First, we depict in Tables 1 and 2 the Average Angular Error (AAE) and the End Point Error (EPE) results for the best settings using the grayscale and colour sequences. The last two columns of these figures show the percentage of error variation between the colour spaces. Observing the results, we can state that the RGB information improves the numerical errors, especially in the Middlebury sequences where most of the amelioration in the EPE exceeds in 5.50% and the AAE in 4%.

Moreover, the enhancement is not so evident in the MPI Sintel sequences. It can be appreciated that, in a few occasions, the colour worsens the EPE. Nevertheless, this deterioration is not excessive and the colour information provides a reasonable improvement in a high percentage of cases, especially in Ambush 5 and Sleeping 1.

The experiments were realized in a computer with the following features: Intel(R) Core(TM) i7 CPU 860 @2.80GHz. We have used a single core in our tests.

  Grayscale Color (RGB)
Sequence AAE EPE AAE EPE AAE(%) EPE(%)
Grove2 2.198º 0.158 2.169º 0.149 1.34% 2.03%
Grove3 5.971º 0.659 5.661º 0.612 5.48% 7.68%
Hydrangea 2.142º 0.180 2.015º 0.166 6.30% 8.43%
RubberWhale 3.453º 0.103 3.305º 0.097 4.48% 6.18%
Urban2 2.438º 0.359 2.328º 0.340 4.72% 5.59%
Urban3 3.539º 0.386 3.394º 0.401 4.27% -3.74%
Dimetrodon 1.588º 0.083 1.458º 0.074 8.91% 12.16%
Table 1. AAE and EPE for the Middlebury dataset: configurations of the parameters that provide the best average errors.


  Grayscale Color (RGB)
Sequence AAE EPE AAE EPE AAE(%) EPE(%)
Alley 1 3.343º 0.374 3.328º 0.373 0.45% 0.27%
Alley 2 3.100º 0.270 3.065º 0.612 5.48% 7.68%
Ambush 2 31.83º 25.14 31.12º 25.22 2.28% -0.32%
Ambush 4 28.24º 34.73 27.92º 34.72 1.14% 0.03%
Ambush 5 29.59º 2.647 26.91º 2.234 6.80% 18.5%
Ambush 6 12.21º 12.72 11.95º 12.62 2.17% 0.79%
Ambush 7 6.924º 2.072 6.821º 2.152 1.51% -3.72%
Bamboo 1 4.416º 0.307 4.237º 0.291 4.22% 5.50%
Bamboo 2 6.334º 0.706 6.084º 0.665 4.10% 4.11%
Bandage 1 7.367º 1.061 7.262º 1.030 1.44% 3.01%
Bandage 2 9.403º 1.145 9.242º 1.074 1.74% 6.61%
Cave 2 3.219º 1.707 3.166º 1.741 1.67% -3.72%
Cave 4 13.19º 7.810 12.60º 7.681 4.68% 1.68%
Market 2 8.814º 1.561 8.628º 1.607 2.15% -2.86%
Market 5 33.68º 27.37 32.84º 25.08 2.55% 9.13%
Market 6 6.491º 9.245 6.070º 9.036 6.93% 2.31%
Mountain 1 6.500º 1.407 6.296º 1.273 3.24% 10.5%
Shaman 2 6.367º 0.311 6.335º 0.307 0.50% 1.30%
Shaman 3 6.367º 0.508 6.038º 0.520 1.11% -2.31%
Sleeping 1 1.394º 0.113 1.290º 0.104 8.06% 8.65%
Sleeping 2 1.589º 0.706 1.541º 0.070 3.11% 4.47%
Temple 2 7.579º 1.438 7.296º 1.456 3.88% -1.24%
Temple 3 3.165º 0.958 2.991º 0.886 5.82% 8.13%
Table 2. AAE and EPE for the MPI Sintel dataset: configurations of the parameters that provide the best average errors.
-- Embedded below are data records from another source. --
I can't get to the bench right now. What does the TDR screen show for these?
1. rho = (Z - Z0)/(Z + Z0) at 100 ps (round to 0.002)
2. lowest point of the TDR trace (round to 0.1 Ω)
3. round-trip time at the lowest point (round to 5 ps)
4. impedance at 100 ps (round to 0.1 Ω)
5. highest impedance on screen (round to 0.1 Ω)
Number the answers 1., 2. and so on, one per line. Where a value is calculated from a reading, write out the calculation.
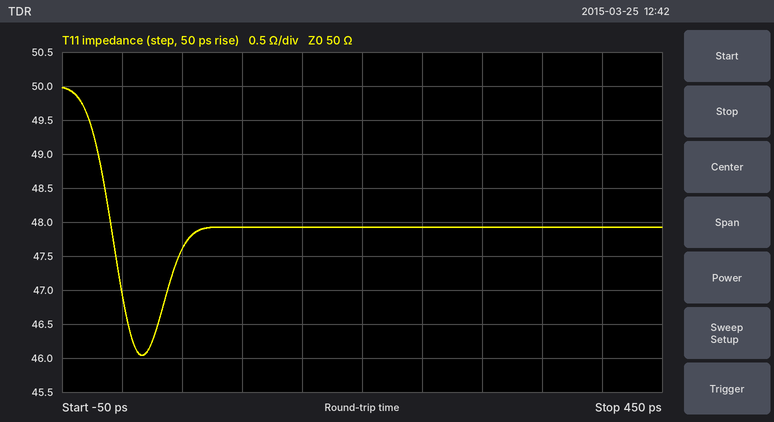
1. (47.9 − 50)/(47.9 + 50) ≈ -0.022
2. 46.0 Ω
3. 15 ps
4. 47.9 Ω
5. 50.0 Ω

On the other hand, the error amelioration is not enough to determine if a multi-channel scheme is justified. Thus, Tables 3 and 4 show the runtimes of each sequence and the percentage of improvement provided by the grayscale with respect to the RGB images. As expected, less information means less execution time. However, the difference is not excessively pronounced and, even, in the case of Ambush 2 sequence, less time is required if we use colour information. This means that, using more information from the images, the algorithm usually converges in less iterations. Moreover, we must consider that the increment in the calculations has only affected the data term, so that more image channels does not mean that the operations grow up proportionally.
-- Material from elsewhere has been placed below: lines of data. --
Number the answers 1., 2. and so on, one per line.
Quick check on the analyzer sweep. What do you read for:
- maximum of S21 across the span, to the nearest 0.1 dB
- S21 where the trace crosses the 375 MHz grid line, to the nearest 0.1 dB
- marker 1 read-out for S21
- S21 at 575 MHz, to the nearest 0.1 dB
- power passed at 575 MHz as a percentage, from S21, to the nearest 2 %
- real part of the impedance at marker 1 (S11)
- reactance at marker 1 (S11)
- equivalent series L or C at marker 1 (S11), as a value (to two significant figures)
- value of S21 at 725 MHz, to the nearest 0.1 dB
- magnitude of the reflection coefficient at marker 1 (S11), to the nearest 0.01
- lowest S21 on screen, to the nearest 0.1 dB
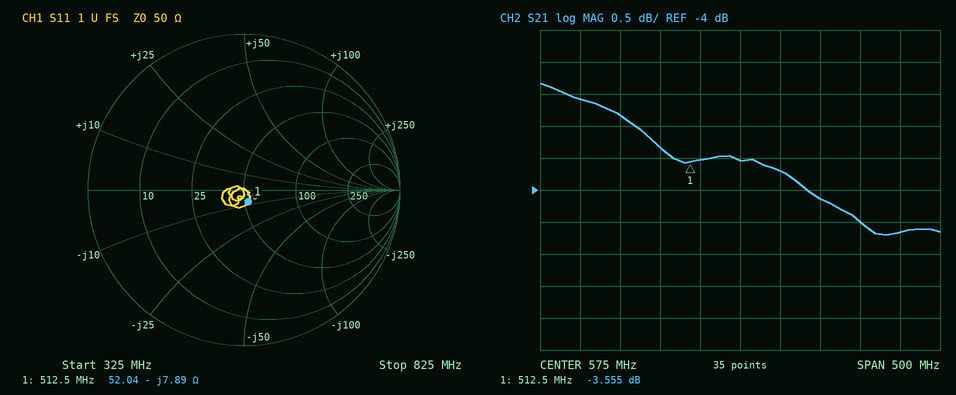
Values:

Sequence Grayscale Color (RGB) Speed (%)
Grove2 45s 67s 32.83%
Grove3 49s 72s 31.94%
Hydrangea 22s 46s 52.17%
RubberWhale 30s 48s 37.50%
Urban2 50s 72s 30.55%
Urban3 55s 81s 32.10%
Dimetrodon 28s 47s 40.42%
Table 3. Computation time in Middlebury sequences.
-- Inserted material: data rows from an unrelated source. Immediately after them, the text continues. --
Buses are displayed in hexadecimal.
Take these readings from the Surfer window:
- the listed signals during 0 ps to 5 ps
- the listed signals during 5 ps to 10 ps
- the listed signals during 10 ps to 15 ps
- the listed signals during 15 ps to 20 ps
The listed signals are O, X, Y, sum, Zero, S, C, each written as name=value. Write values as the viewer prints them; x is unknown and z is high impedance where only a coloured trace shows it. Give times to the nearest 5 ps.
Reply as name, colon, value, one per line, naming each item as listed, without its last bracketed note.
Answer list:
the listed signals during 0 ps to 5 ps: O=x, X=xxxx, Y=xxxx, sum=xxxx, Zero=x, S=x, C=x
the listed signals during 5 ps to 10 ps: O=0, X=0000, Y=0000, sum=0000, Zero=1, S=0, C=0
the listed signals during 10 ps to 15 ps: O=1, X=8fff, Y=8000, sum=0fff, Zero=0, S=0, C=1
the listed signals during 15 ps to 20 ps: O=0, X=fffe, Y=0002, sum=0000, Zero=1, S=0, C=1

Sequence Grayscale Color (RGB) Speed (%)
Alley 1 63s 107s 41.12%
Alley 2 49s 81s 39.51%
Ambush 2 199s 150s -32.67%
Ambush 4 70s 106s 33.96%
Ambush 5 102s 135s 24.45%
Ambush 6 99s 140s 29.29%
Ambush 7 97s 144s 32.64%
Bamboo 1 64s 116s 44.83%
Bamboo 2 79s 108s 26.85%
Bandage 1 89s 128s 30.47%
Bandage 2 93s 128s 27.34%
Cave 2 84s 113s 25.66%
Cave 4 86s 120s 28.33%
Market 2 73s 114s 35.96%
Market 5 205s 205s 0.00%
Market 6 104s 136s 23.53%
Mountain 1 45s 81s 44.45%
Shaman 2 67s 101s 33.66%
Shaman 3 89s 123s 27.64%
Sleeping 1 31s 63s 50.79%
Sleeping 2 36s 68s 47.06%
Temple 2 92s 131s 29.77%
Temple 3 90s 124s 27.42%
Table 4. Computation time in MPI Sintel dataset.